Go through the records and tally the lines that include the word "listed". The answer is that total alone.

Data for this task:

================================

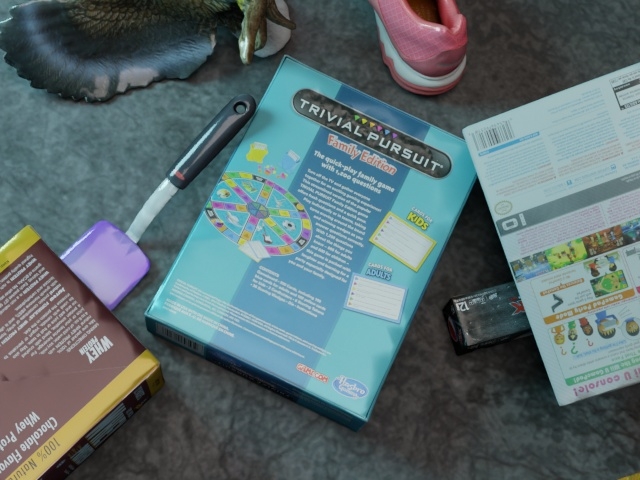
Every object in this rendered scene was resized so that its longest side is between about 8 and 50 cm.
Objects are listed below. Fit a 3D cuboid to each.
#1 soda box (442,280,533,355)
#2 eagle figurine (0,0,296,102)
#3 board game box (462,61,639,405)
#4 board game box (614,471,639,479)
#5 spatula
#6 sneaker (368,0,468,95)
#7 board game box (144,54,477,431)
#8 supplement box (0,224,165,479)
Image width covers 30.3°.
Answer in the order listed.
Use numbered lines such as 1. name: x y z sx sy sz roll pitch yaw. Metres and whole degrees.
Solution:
1. soda box: 0.224 0.075 1.304 0.169 0.053 0.060 -14 75 -11
2. eagle figurine: -0.189 -0.289 1.327 0.298 0.225 0.226 -3 25 22
3. board game box: 0.304 -0.008 1.214 0.224 0.097 0.303 -19 81 13
4. board game box: 0.407 0.430 1.052 0.356 0.356 0.356 18 71 -1
5. spatula: -0.172 -0.044 1.275 0.084 0.030 0.296 43 95 6
6. sneaker: 0.086 -0.327 1.374 0.116 0.136 0.313 -28 78 -16
7. board game box: 0.000 0.000 1.287 0.254 0.079 0.336 26 71 2
8. supplement box: -0.290 0.130 1.179 0.194 0.129 0.191 45 75 8

================================

Expected output: 2